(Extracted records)
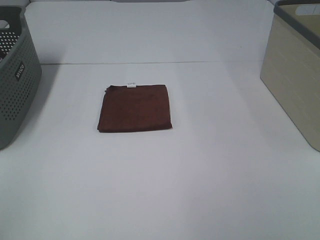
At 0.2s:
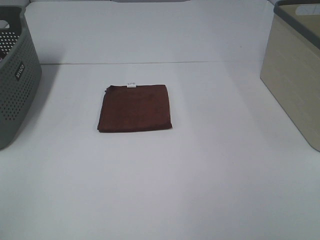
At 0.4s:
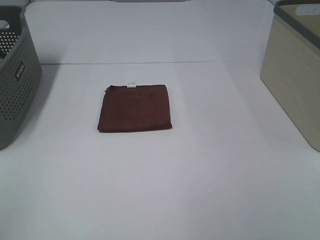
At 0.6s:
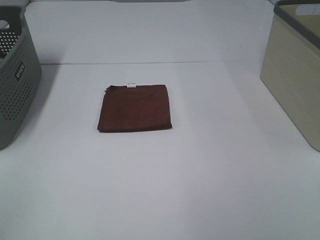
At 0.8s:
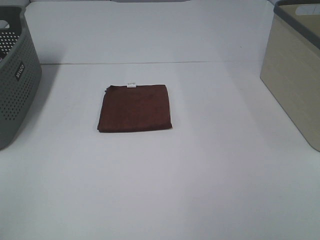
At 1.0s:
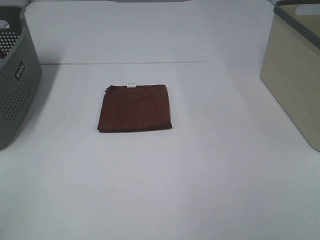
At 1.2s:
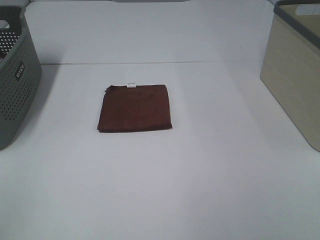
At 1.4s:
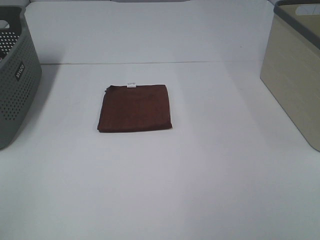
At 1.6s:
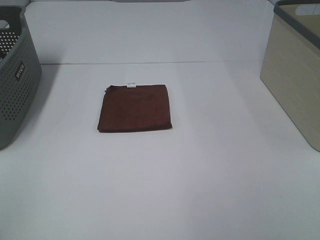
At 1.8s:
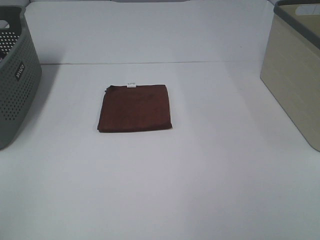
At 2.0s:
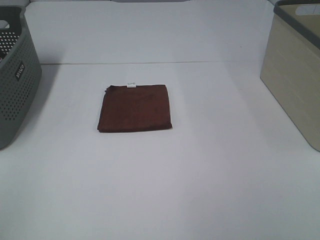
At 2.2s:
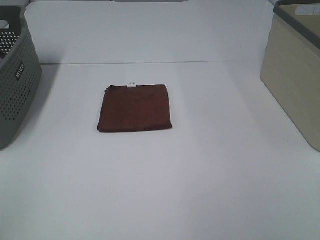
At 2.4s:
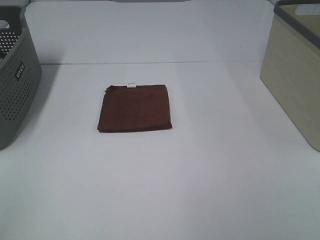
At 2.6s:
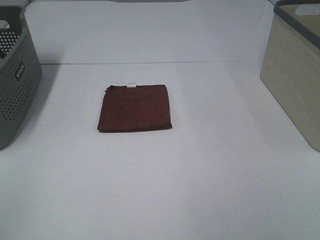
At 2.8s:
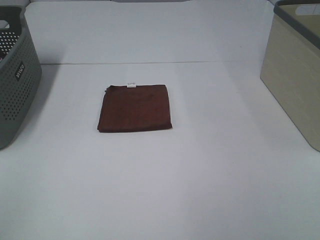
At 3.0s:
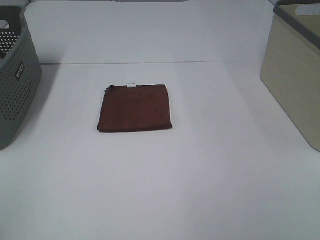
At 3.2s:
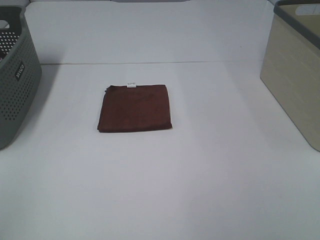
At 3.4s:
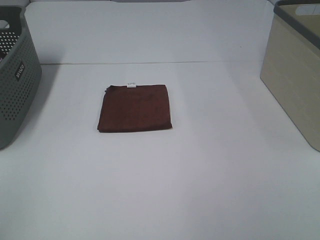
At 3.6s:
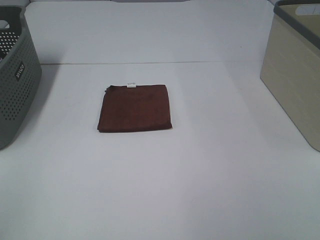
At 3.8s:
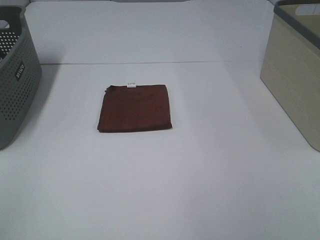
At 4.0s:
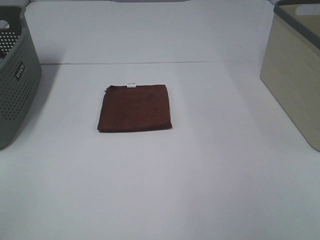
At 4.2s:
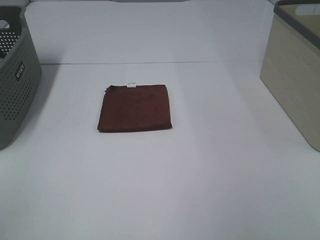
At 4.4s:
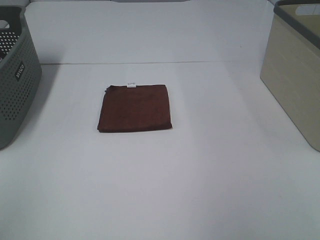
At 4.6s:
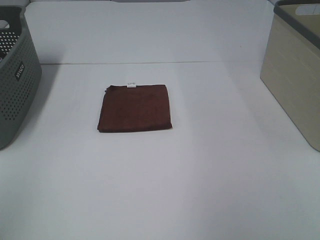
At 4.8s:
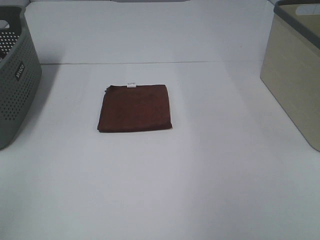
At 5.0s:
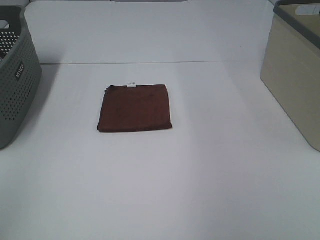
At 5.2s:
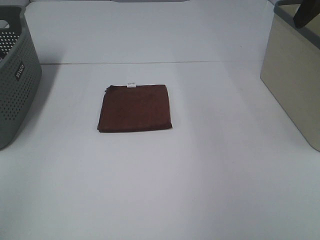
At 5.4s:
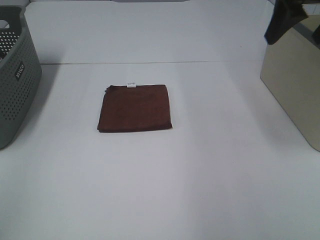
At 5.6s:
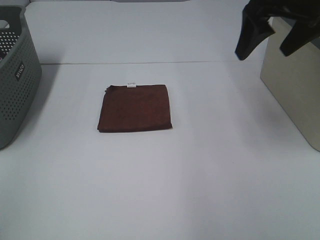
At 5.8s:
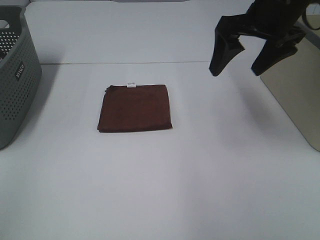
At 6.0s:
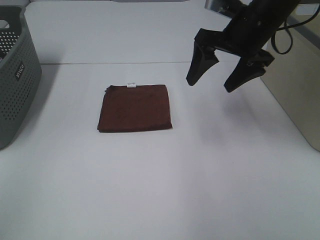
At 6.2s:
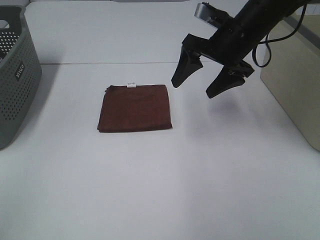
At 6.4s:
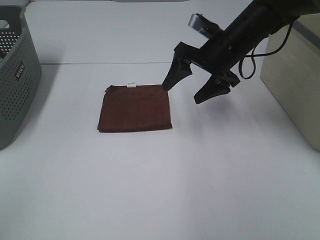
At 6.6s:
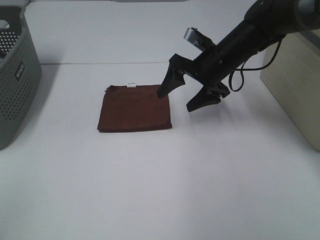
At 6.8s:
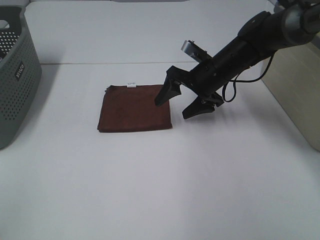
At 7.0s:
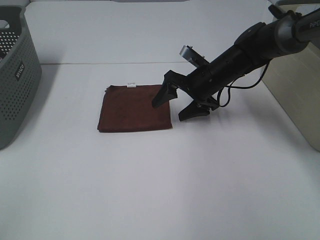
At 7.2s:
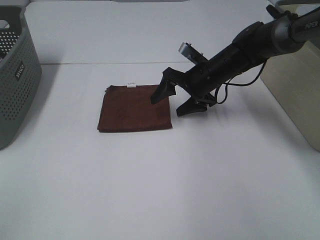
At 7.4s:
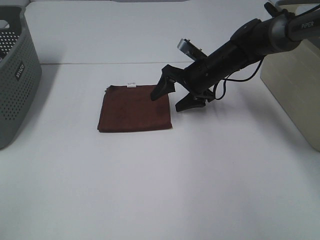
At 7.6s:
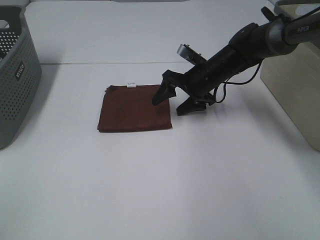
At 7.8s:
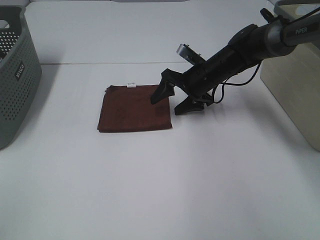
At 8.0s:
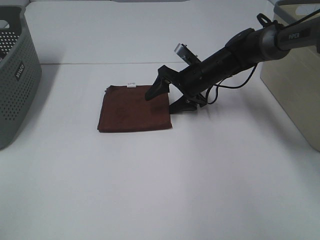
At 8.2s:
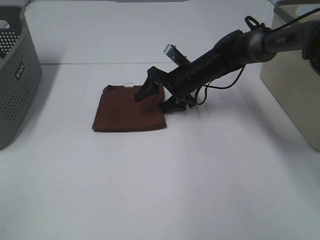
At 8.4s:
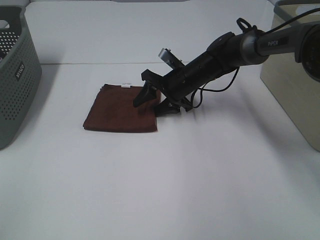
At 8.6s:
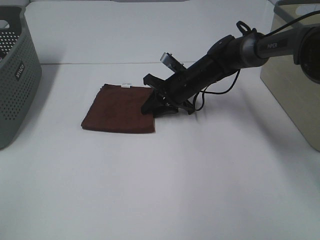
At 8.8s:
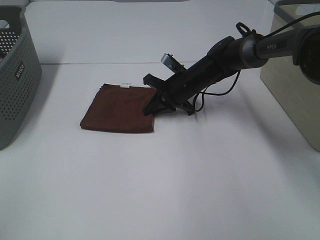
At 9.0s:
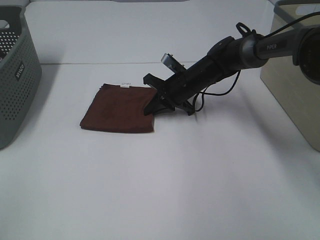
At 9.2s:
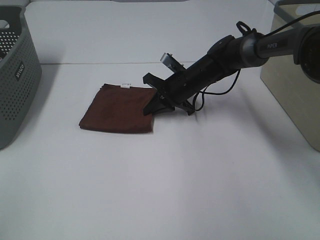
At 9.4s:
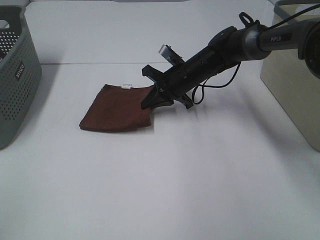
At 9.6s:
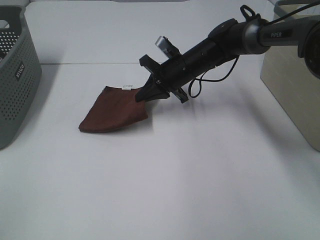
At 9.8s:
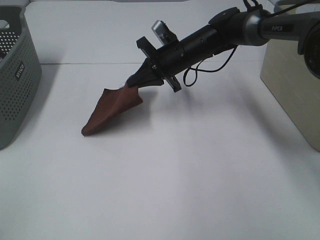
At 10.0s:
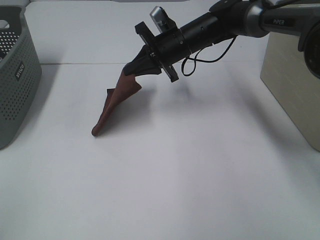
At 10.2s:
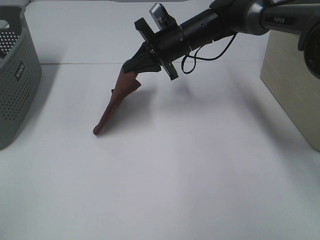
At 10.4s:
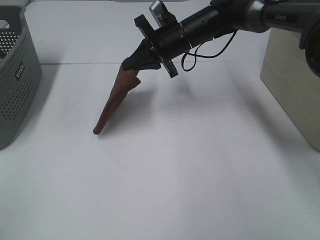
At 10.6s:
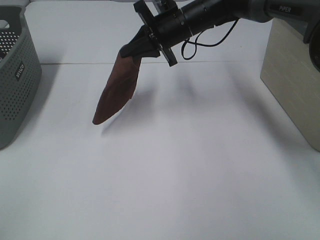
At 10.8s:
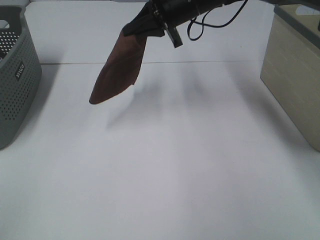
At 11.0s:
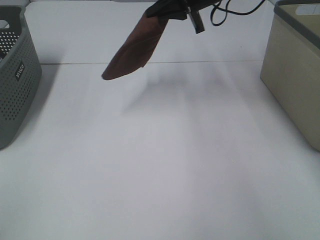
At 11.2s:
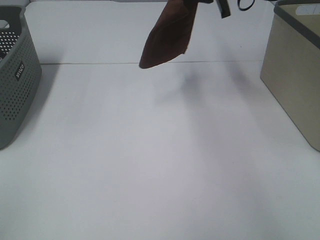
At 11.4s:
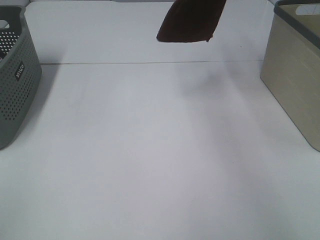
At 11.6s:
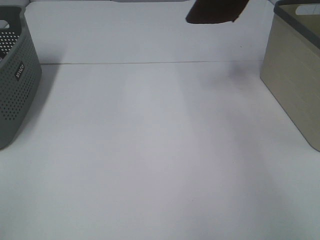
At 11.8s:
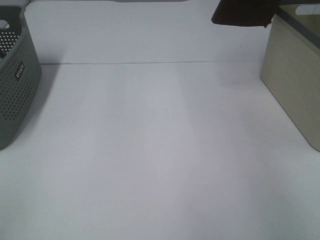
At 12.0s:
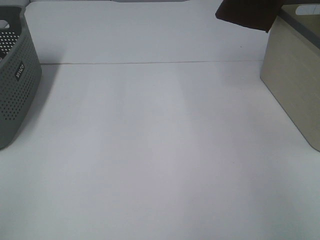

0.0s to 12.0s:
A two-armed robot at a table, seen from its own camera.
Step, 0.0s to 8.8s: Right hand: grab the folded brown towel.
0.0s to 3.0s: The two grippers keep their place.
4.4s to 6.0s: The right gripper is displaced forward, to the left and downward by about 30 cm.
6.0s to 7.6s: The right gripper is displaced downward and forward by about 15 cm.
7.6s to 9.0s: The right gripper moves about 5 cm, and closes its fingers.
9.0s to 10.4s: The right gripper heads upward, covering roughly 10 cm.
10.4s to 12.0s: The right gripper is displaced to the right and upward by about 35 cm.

* [Task to complete]
Could you output all of the entries above exactly? Leave the pictures out.

* [Result for this task]
At 0.2s:
At 0.4s:
At 0.6s:
At 0.8s:
At 1.0s:
At 1.2s:
At 1.4s:
At 1.6s:
At 1.8s:
At 2.0s:
At 2.2s:
At 2.4s:
At 2.6s:
At 2.8s:
At 3.0s:
At 3.2s:
At 3.4s:
At 3.6s:
At 3.8s:
At 4.0s:
At 4.2s:
At 4.4s:
At 4.6s:
At 4.8s:
At 5.0s:
At 5.2s:
At 5.4s:
At 5.6s:
At 5.8s:
At 6.0s:
At 6.2s:
At 6.4s:
At 6.6s:
At 6.8s:
At 7.0s:
At 7.2s:
At 7.4s:
At 7.6s:
At 7.8s:
At 8.0s:
At 8.2s:
At 8.4s:
At 8.6s:
At 8.8s:
At 9.0s:
At 9.2s:
At 9.4s:
At 9.6s:
At 9.8s:
At 10.0s:
At 10.2s:
At 10.4s:
At 10.6s:
At 10.8s:
At 11.0s:
At 11.2s:
At 11.4s:
At 11.6s:
At 11.8s:
At 12.0s:

0.0s to 12.0s:
A two-armed robot at a table, seen from its own camera.
Step, 0.0s to 8.8s: Right hand: grab the folded brown towel.
0.0s to 3.0s: The two grippers keep their place.
4.4s to 6.0s: The right gripper is displaced forward, to the left and downward by about 30 cm.
6.0s to 7.6s: The right gripper is displaced downward and forward by about 15 cm.
7.6s to 9.0s: The right gripper moves about 5 cm, and closes its fingers.
9.0s to 10.4s: The right gripper heads upward, covering roughly 10 cm.
10.4s to 12.0s: The right gripper is displaced to the right and upward by about 35 cm.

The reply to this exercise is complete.